To see what messages are getting passed around, the Protohackers "help" page recommended tcpdump. Julia Evans's free Let's learn tcpdump! zine turned out to be exactly what I needed. It explains the basics of the tcpdump output and common flags. I found I just wanted to "listen on all interfaces, listen to a specific port" and to control whether tcpdump printed packet contents or not. (Seeing the packet content is sometimes useful, sometimes overwhelming.)

It's also useful to have logging (or prints) in the server itself. One "Aha!" moment came when I realised that a particular request appeared in the tcpdump output but not the server logs.

Bits and pieces

Don't worry too much about async or multi-threaded code. You can definitely complete 0: Smoke Test with ordinary, synchronous code. (I know because that's how I wrote my first version.) For 1: Prime Time you might find that a single process struggles to handle the multi-client tests, but you can always switch to a concurrent implementation after the core code is written.

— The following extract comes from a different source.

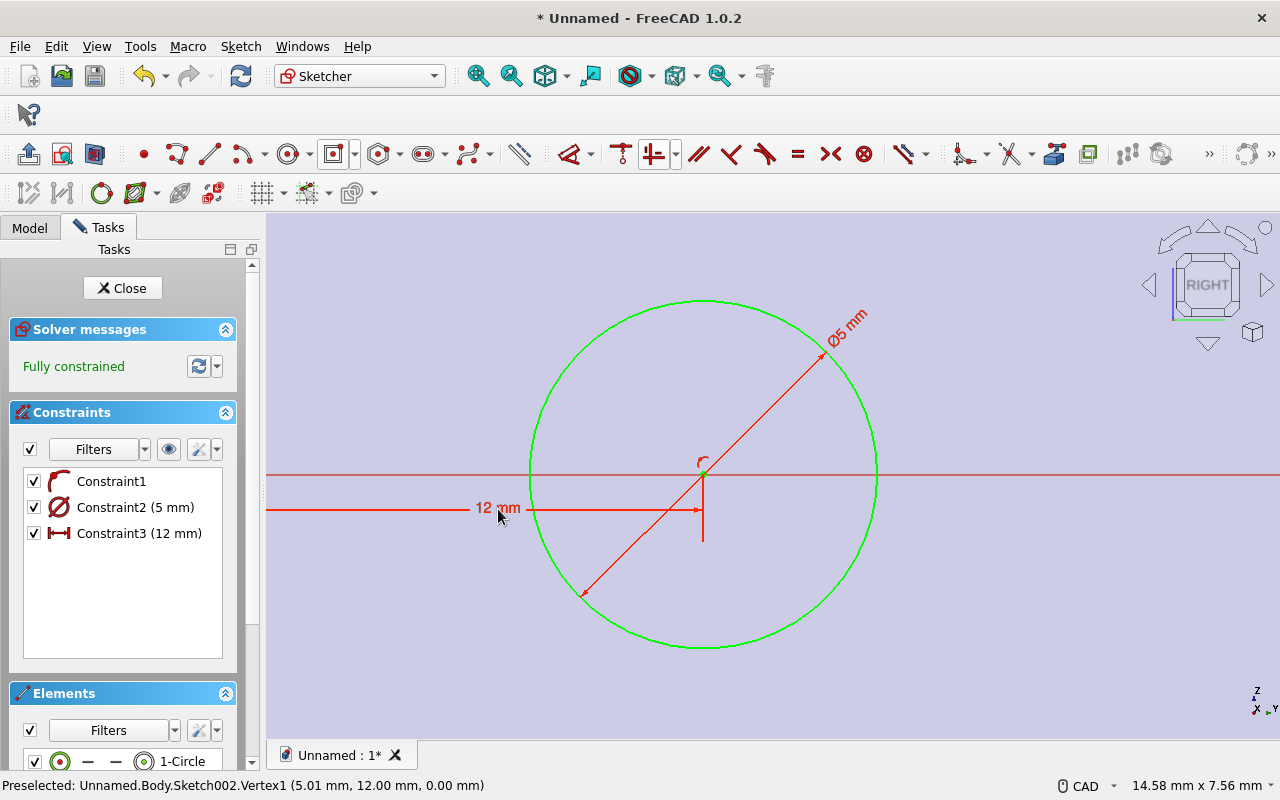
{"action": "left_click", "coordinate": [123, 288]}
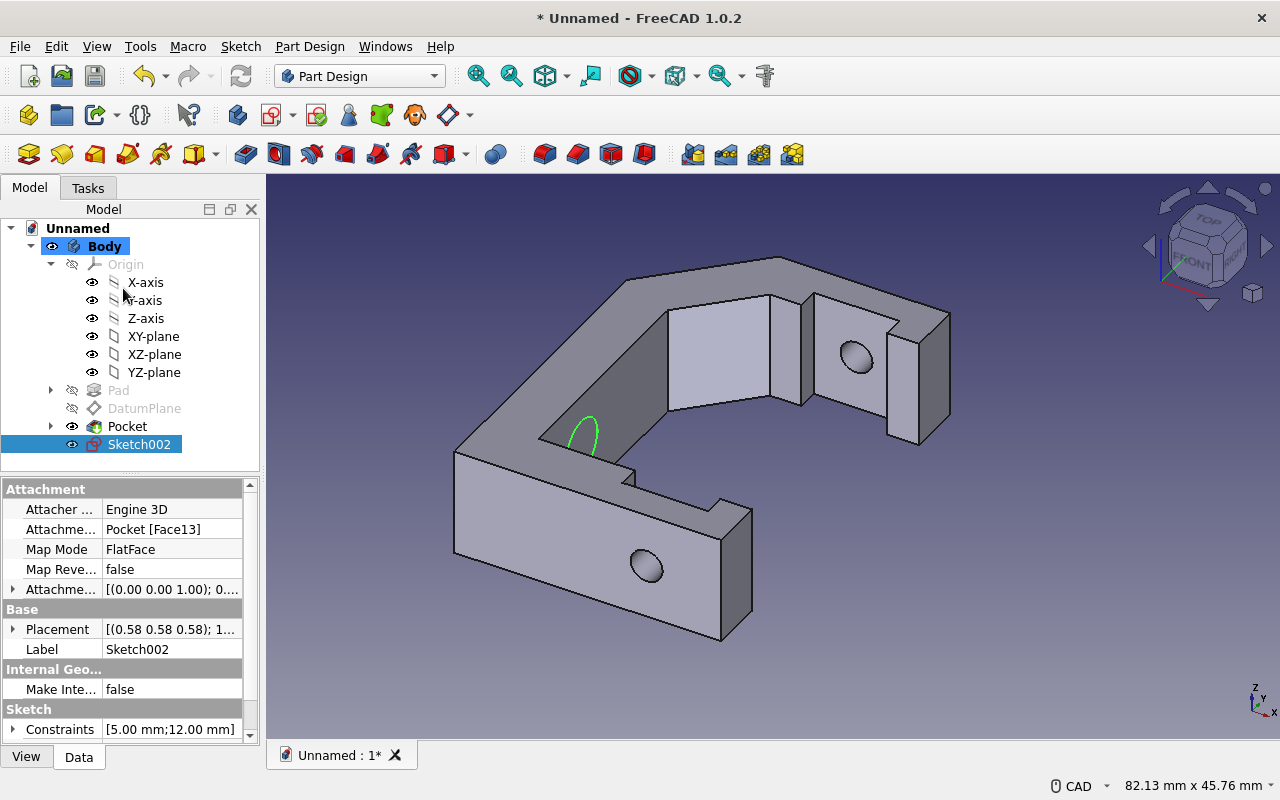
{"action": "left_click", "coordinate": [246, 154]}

TCP is a "streaming protocol". This becomes more relevant in 1: Prime Time, where the specification says that each request and each response is "a single line containing a JSON object, terminated by a newline character ('\n', or ASCII 10)". But TCP doesn't guarantee that you'll receive exactly one of those JSON messages at a time. You might only receive a few bytes (just part of the message) or, because the client can reuse the connection, you might receive several messages at once. It's something that your server needs to be able to handle.

If you're undecided about trying Protohackers: practically everything in this post is something I learned while doing Protohackers challenges 0 Smoke Test and 1 Prime Time. (Admittedly I already knew most of the content in the Hosting section.) Protohackers was a really fun way to start learning about networking. Perhaps you'll enjoy it too.

Useful things

Digital Ocean has a good UFW essentials article
Digital Ocean also has a good article about setting up a Ubuntu server
The Let's learn tcpdump! zine by Julia Evans quickly teaches everything you're likely to need to know about tcpdump to play Protohackers
Over the Wire (specifically the Bandit game) is a fun way to learn Linux commands like ssh and telnet. Other games are about cybersecurity. Here in the UK your ISP might block it as a "hacking website", in which case you'll need to fiddle with the parental controls that some ISPs turn on by default.